Asani inclinou a cabeça, pensativo.
– Ou pode ser o contrário. Pode ser o caminho certo.
– E se for uma armadilha? – Léo rebateu, cruzando os braços.
– Armadilha no começo da dungeon? Improvável. Se o objetivo é chegar ao Ring no topo, o caminho certo deveria nos levar para cima. Mas... – ele fez uma pausa, observando a concentração de ossos no chão da direita. – Por que os ossos estariam aqui?
Léo franziu a testa, incomodado.
– Talvez porque quem foi por ali não conseguiu voltar.
– Ou porque enfrentaram algo assustador no outro lado e decidiram voltar por aqui – ponderou Asani, passando a mão pelo cabelo outra vez. Ele olhou para os dois caminhos como se pudesse enxergar além da escuridão.
O silêncio se estendeu por longos segundos até Asani quebrá-lo, apontando para Léo com empolgação repentina.
– Espera! Você viu o Tutor antes de entrarmos, não viu? Ele levantou a mão esquerda!
– Levantou? – Léo tentou se lembrar, seus olhos semicerrados em concentração. – É... acho que sim. Ele ficou o tempo todo com os braços abaixados antes disso.

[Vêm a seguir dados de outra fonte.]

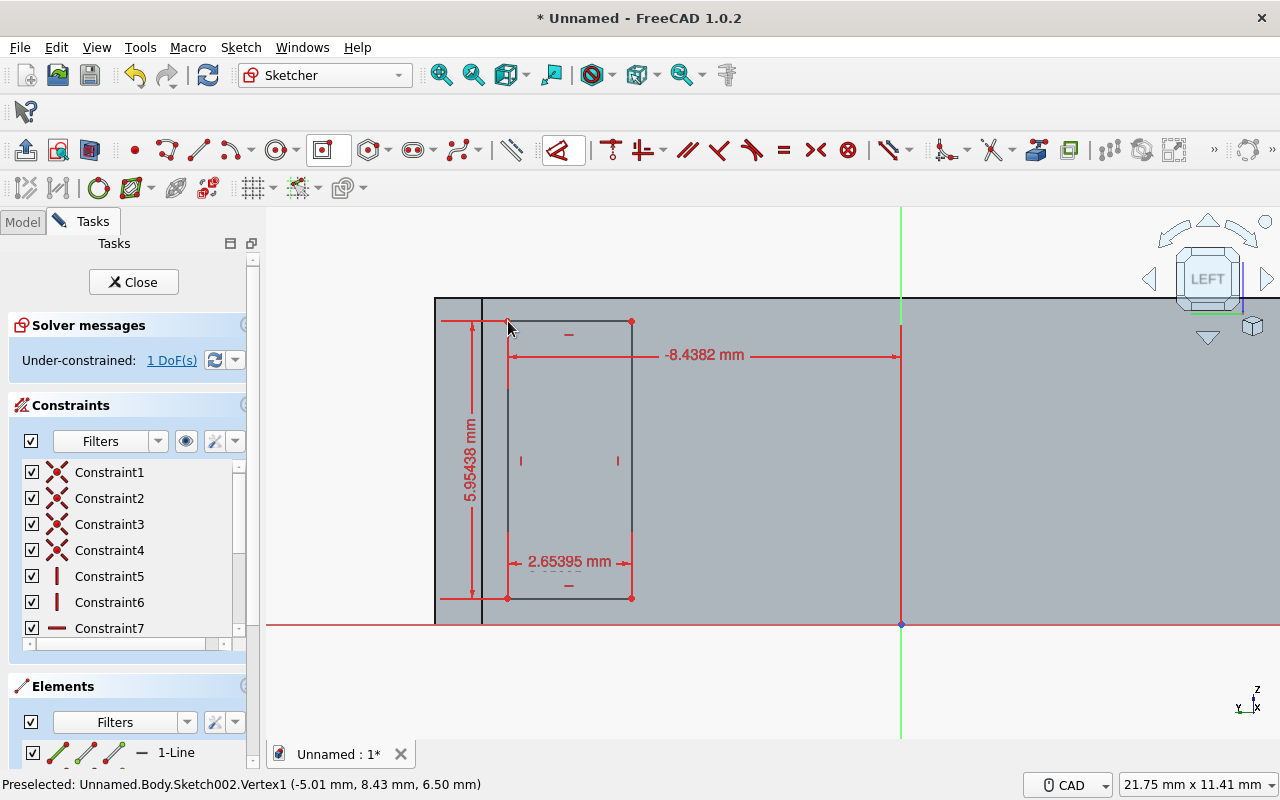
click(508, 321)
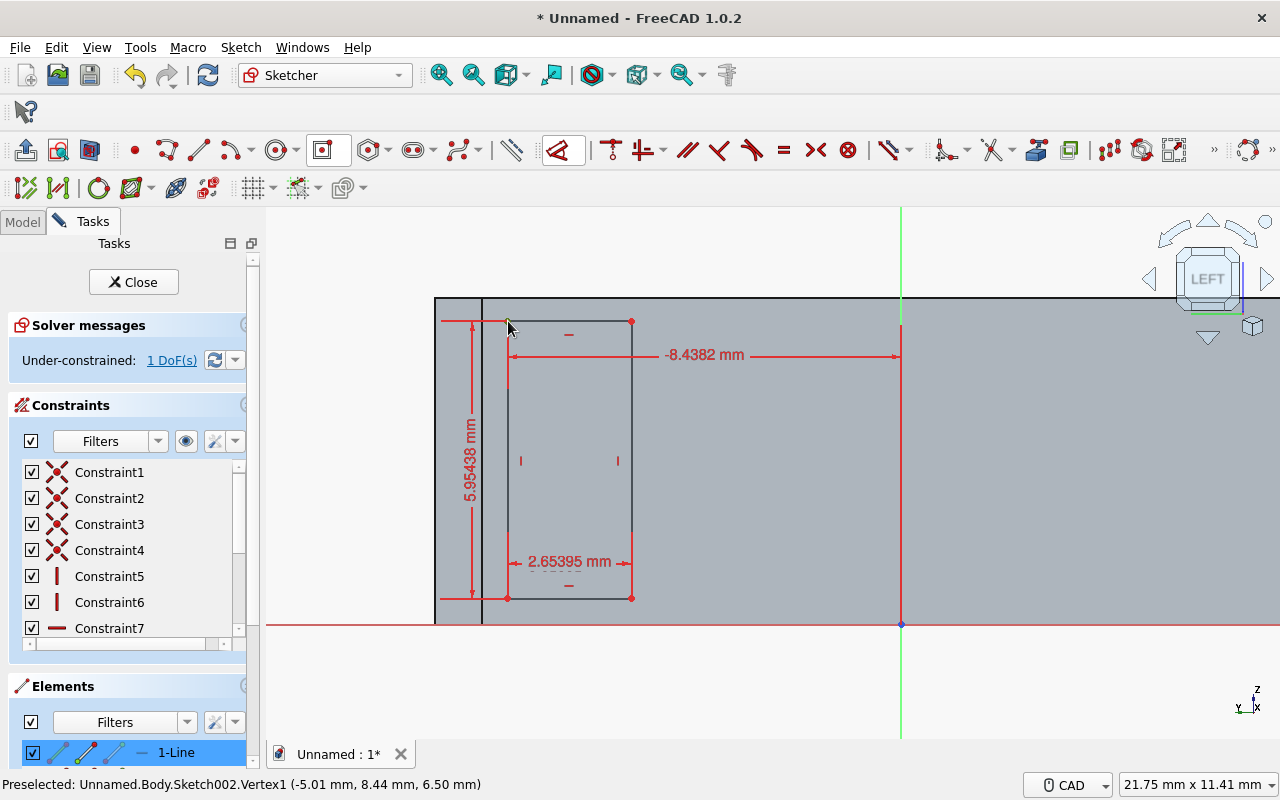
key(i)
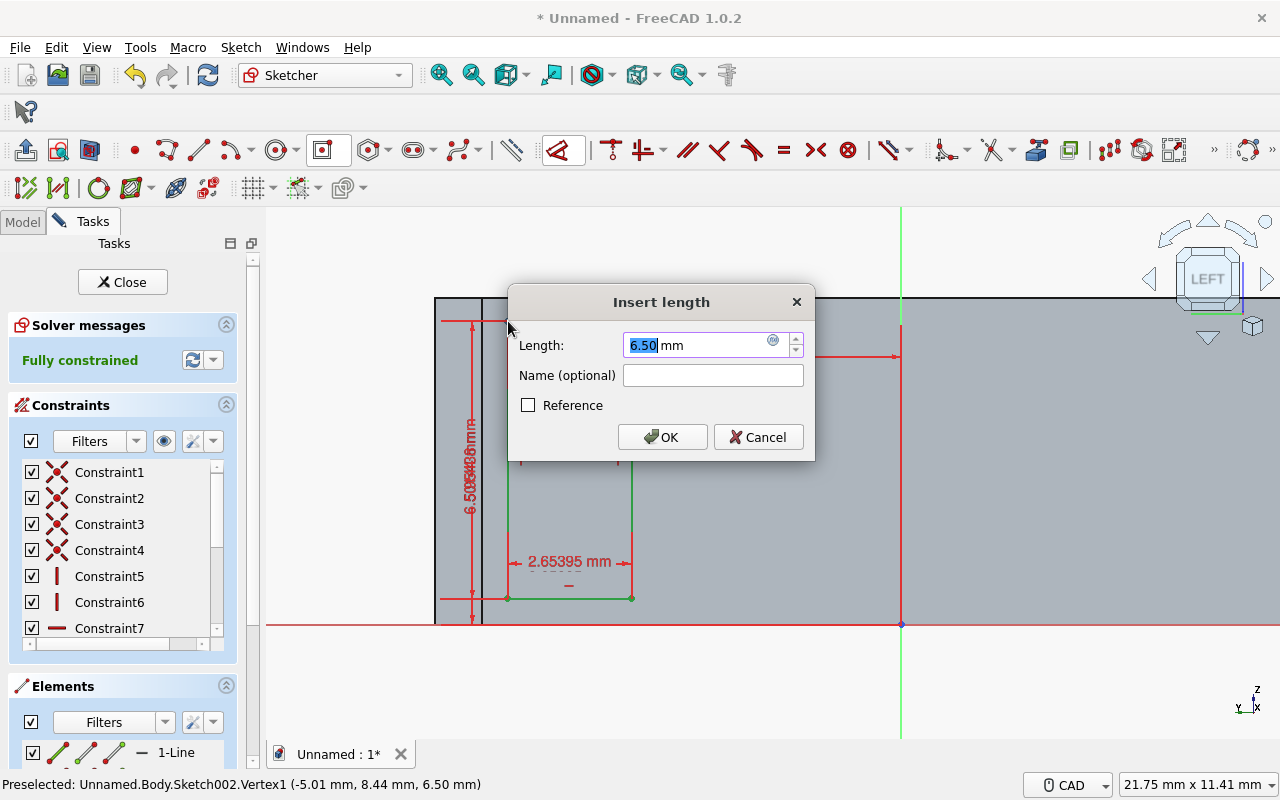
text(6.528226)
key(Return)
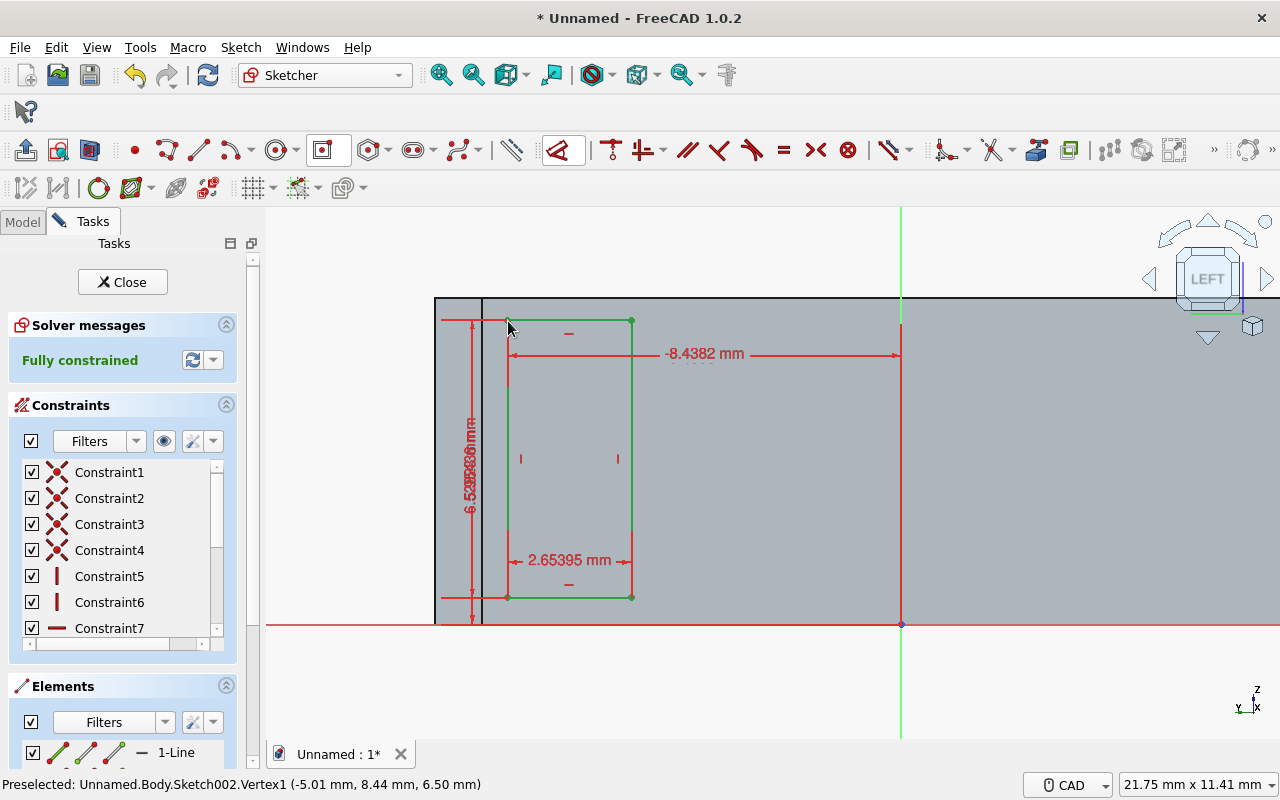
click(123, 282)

– Exatamente. E se ele estava tentando nos dar uma dica? – Asani deu um sorriso tenso, mas esperançoso.
Léo olhou para o caminho da esquerda, ainda hesitante.
– Tá dizendo que vamos basear nossa vida nisso?

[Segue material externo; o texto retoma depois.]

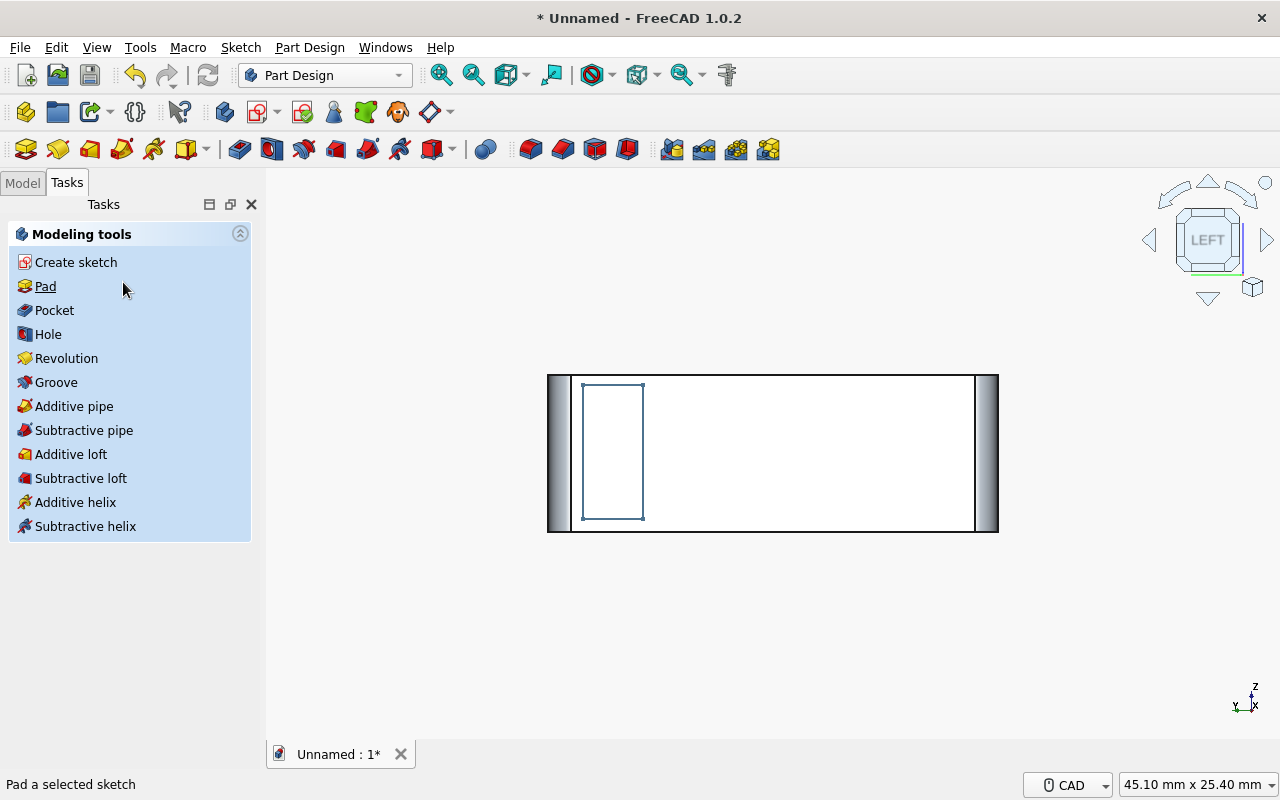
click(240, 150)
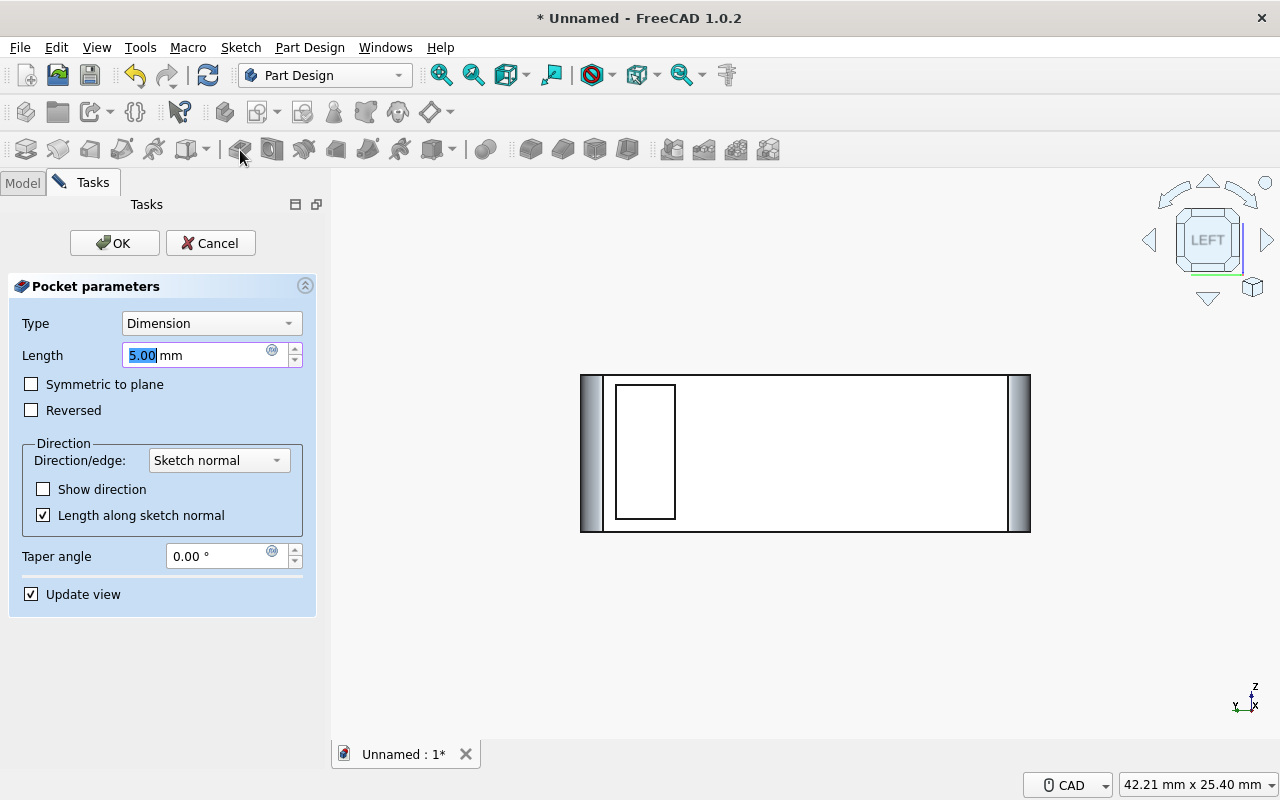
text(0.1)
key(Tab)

– A vida é cheia de riscos, amigo. E essa é a melhor pista que temos. – Asani deu um tapinha no ombro de Léo e começou a caminhar para a esquerda.

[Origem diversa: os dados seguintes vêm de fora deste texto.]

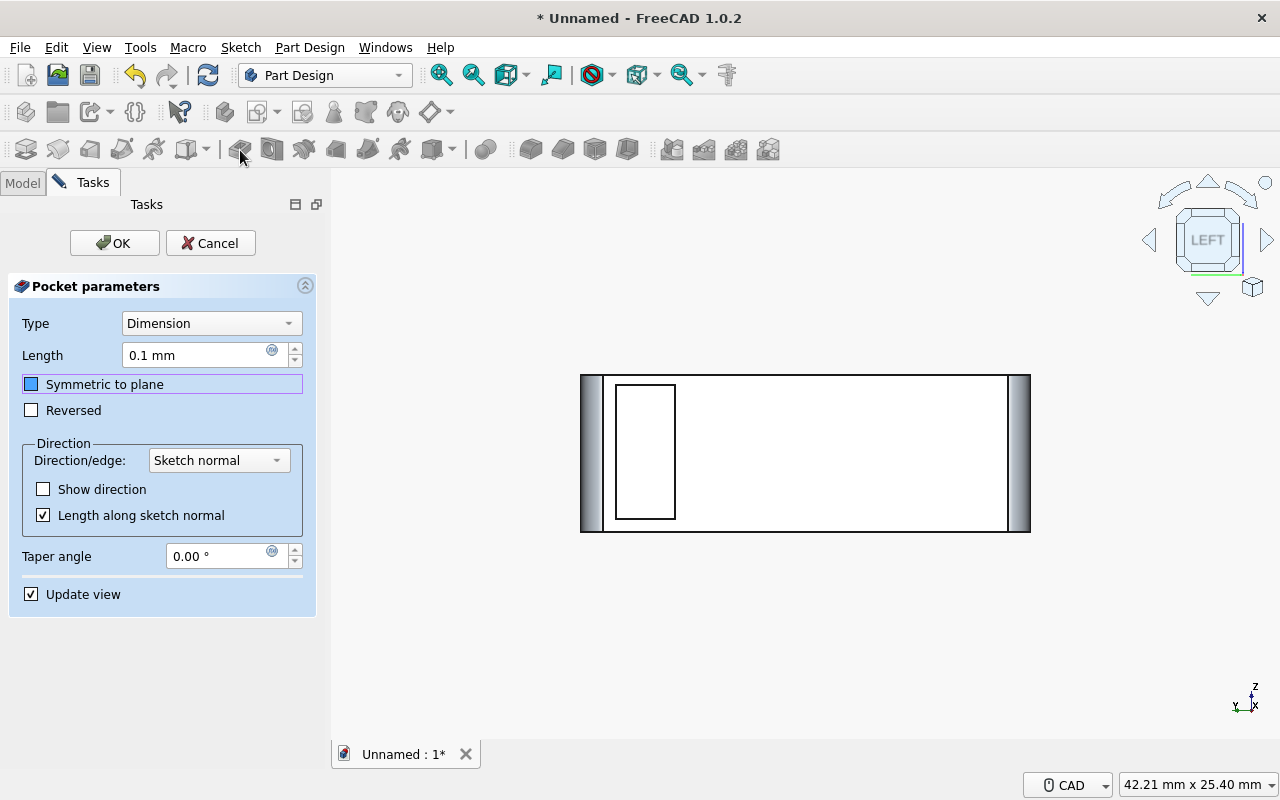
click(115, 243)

Os dois avançaram em silêncio. Após horas de caminhada – ou assim parecia –, o calor da dungeon começou a cobrar seu preço. Seus corpos estavam encharcados de suor, e a respiração de ambos ficou mais pesada.
– Mano, tô morto – Asani ofegou, limpando a testa com a manga. – O Tutor disse que a gente não passa fome, mas não disse nada sobre não cansar. Como vamos continuar assim?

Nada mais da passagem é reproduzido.